> _Data in this exercise_:
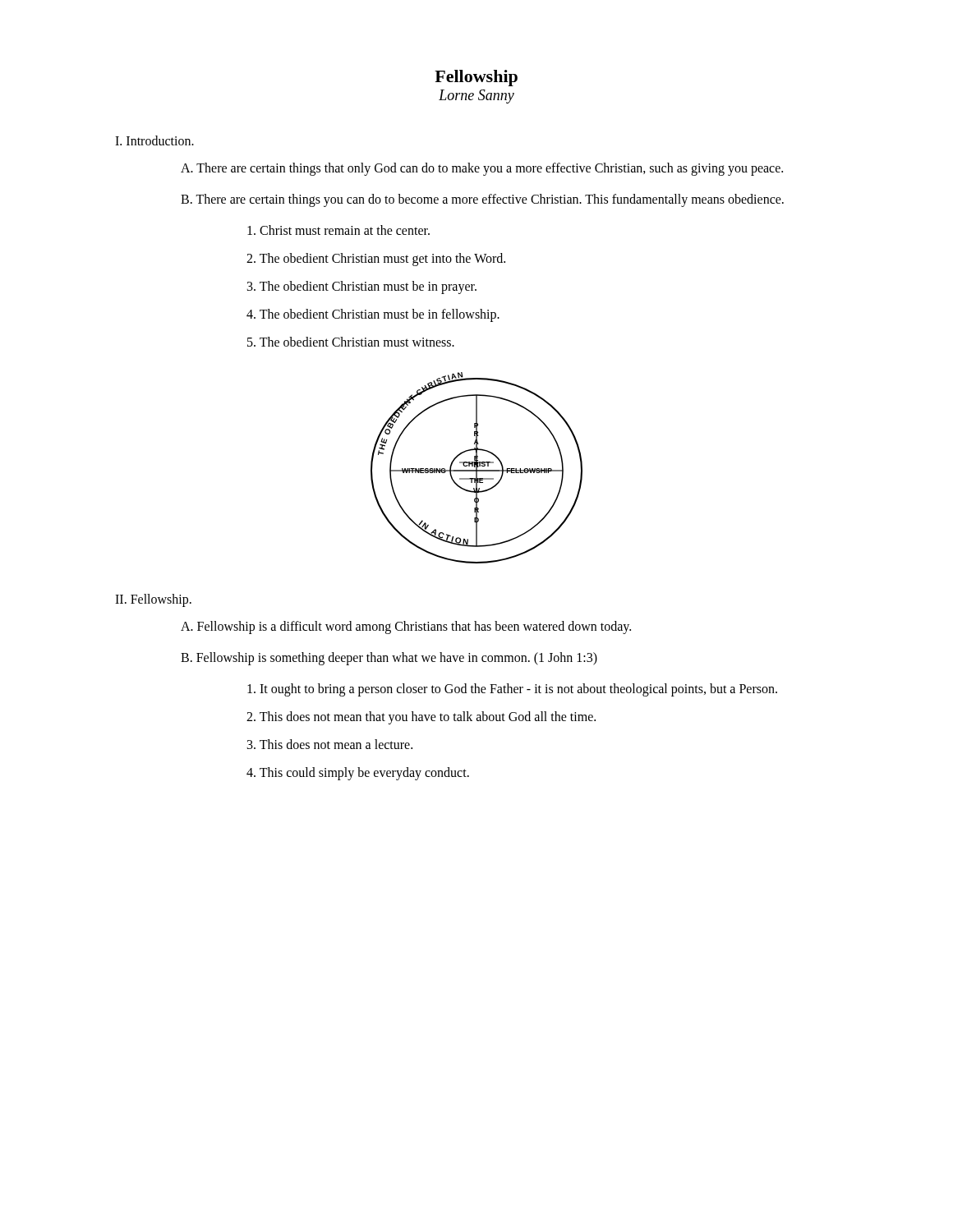
Task: Click on the text block starting "II. Fellowship."
Action: 154,599
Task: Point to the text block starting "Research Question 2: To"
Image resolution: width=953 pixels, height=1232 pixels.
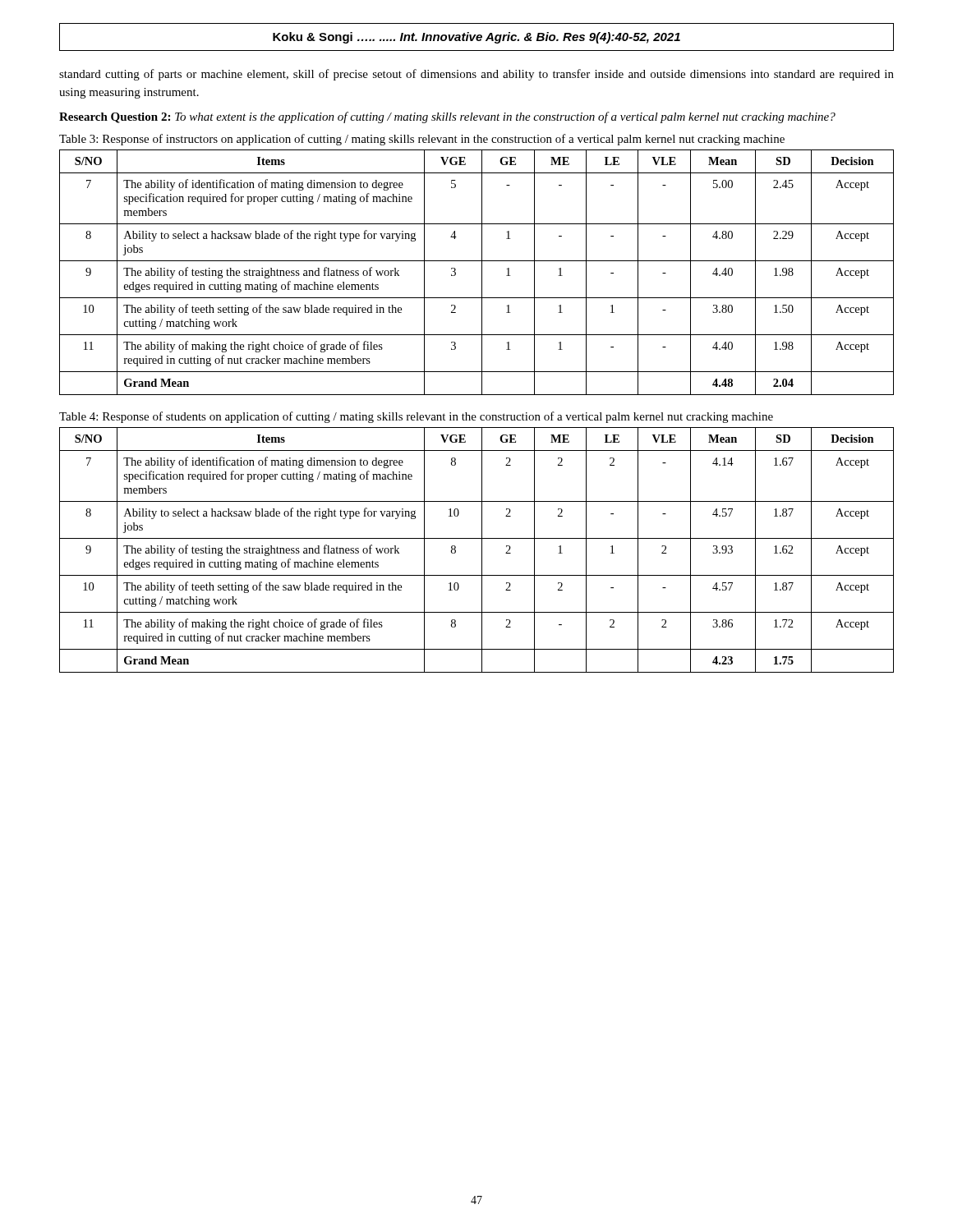Action: [447, 116]
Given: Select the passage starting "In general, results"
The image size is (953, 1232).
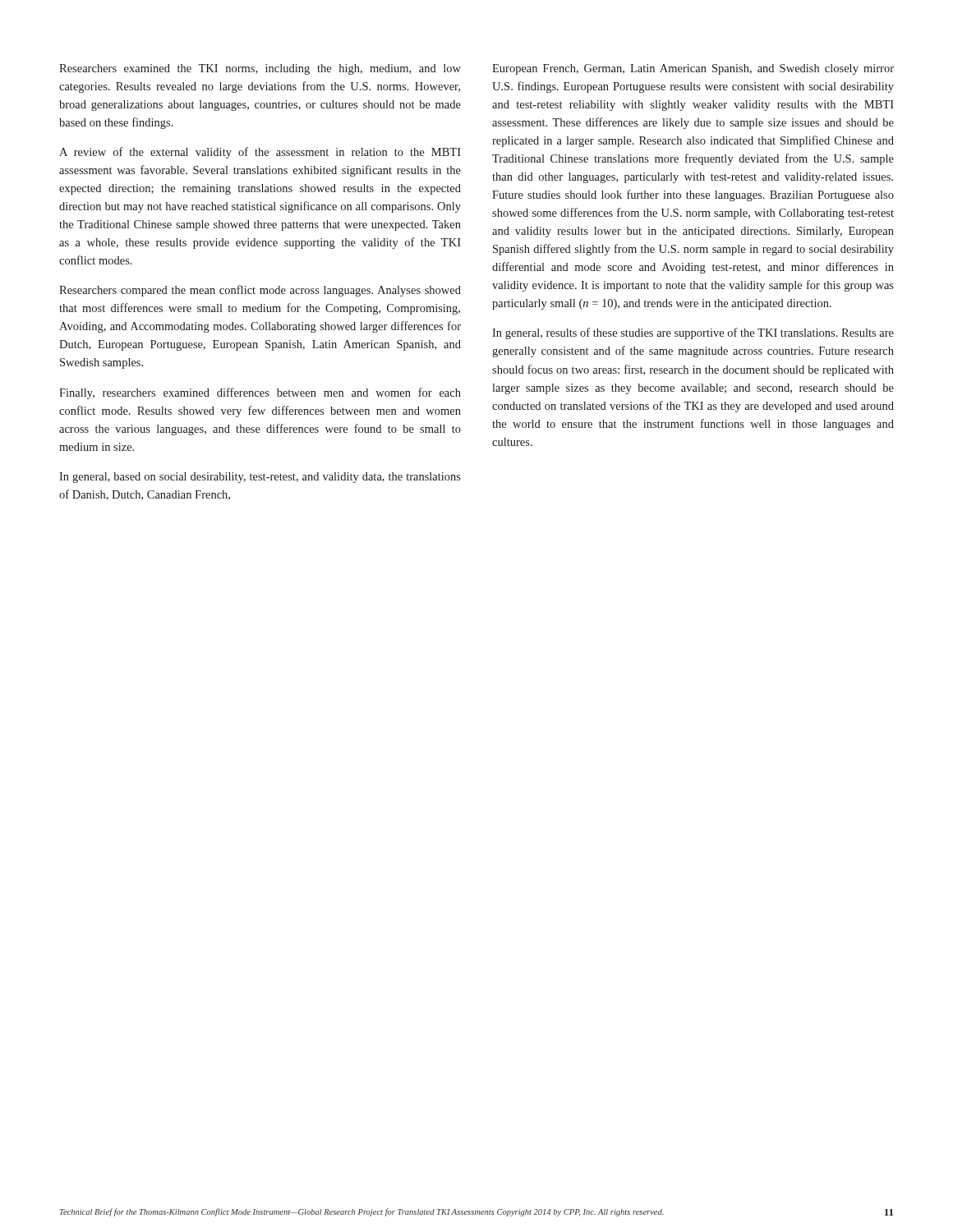Looking at the screenshot, I should coord(693,387).
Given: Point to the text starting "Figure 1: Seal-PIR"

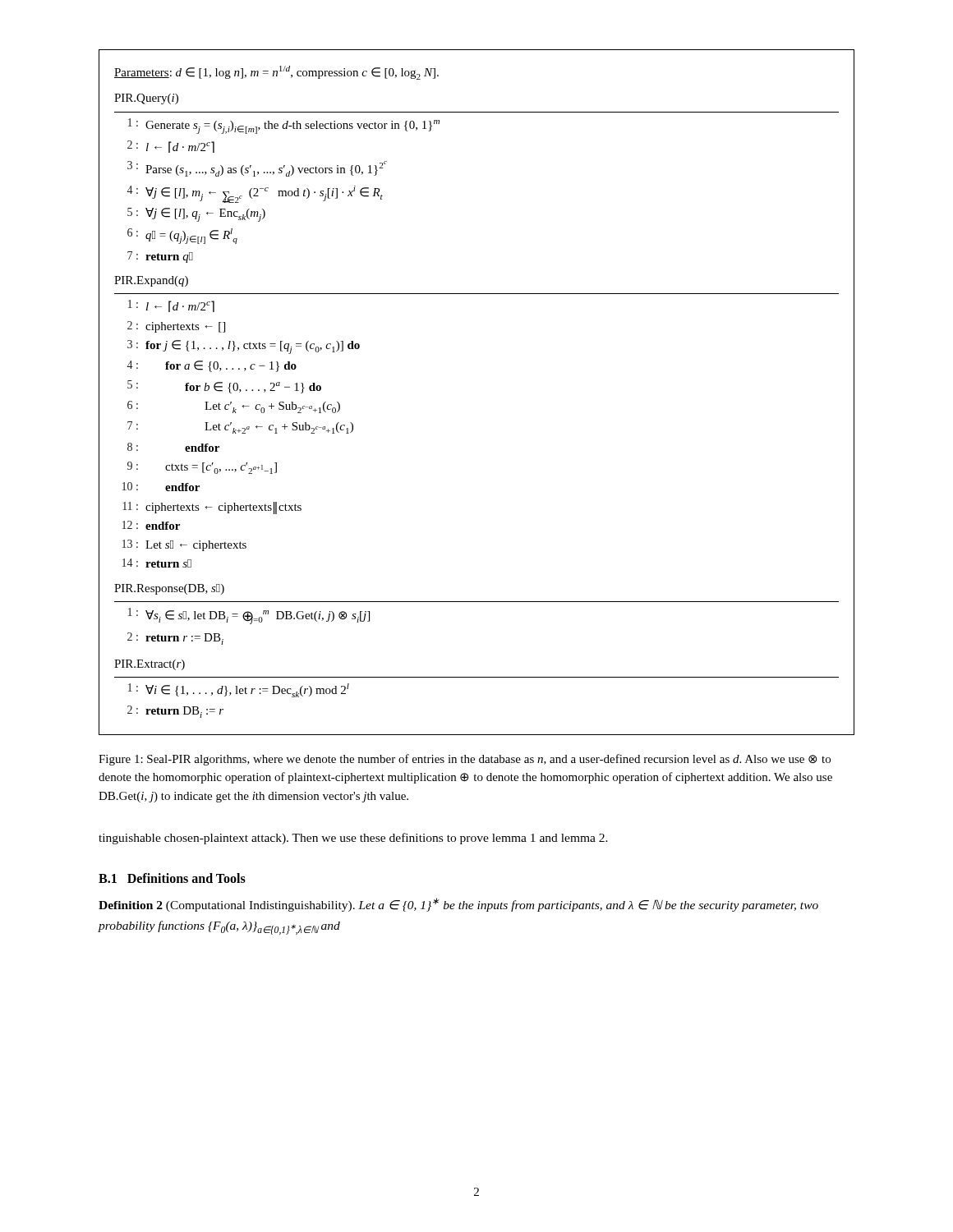Looking at the screenshot, I should 466,777.
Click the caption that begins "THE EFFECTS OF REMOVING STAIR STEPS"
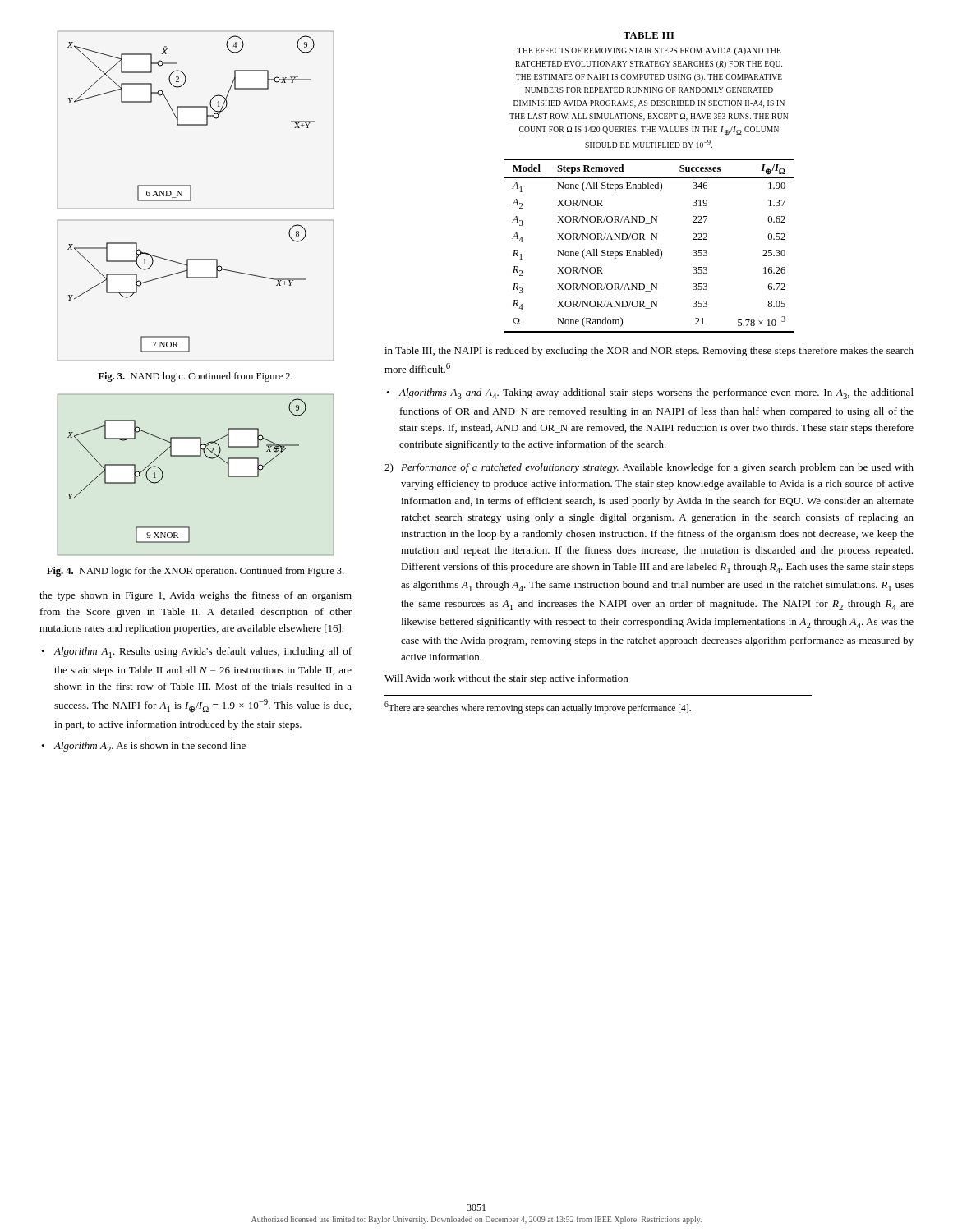Screen dimensions: 1232x953 (x=649, y=97)

> _Instructions for the task_: Repeat word for word, leaving out the pictures, each line of the records from the line that holds "Click the caption" through the final one.

> _Answer space_:
Click the caption that begins "THE EFFECTS OF REMOVING STAIR STEPS"
Screen dimensions: 1232x953 (x=649, y=97)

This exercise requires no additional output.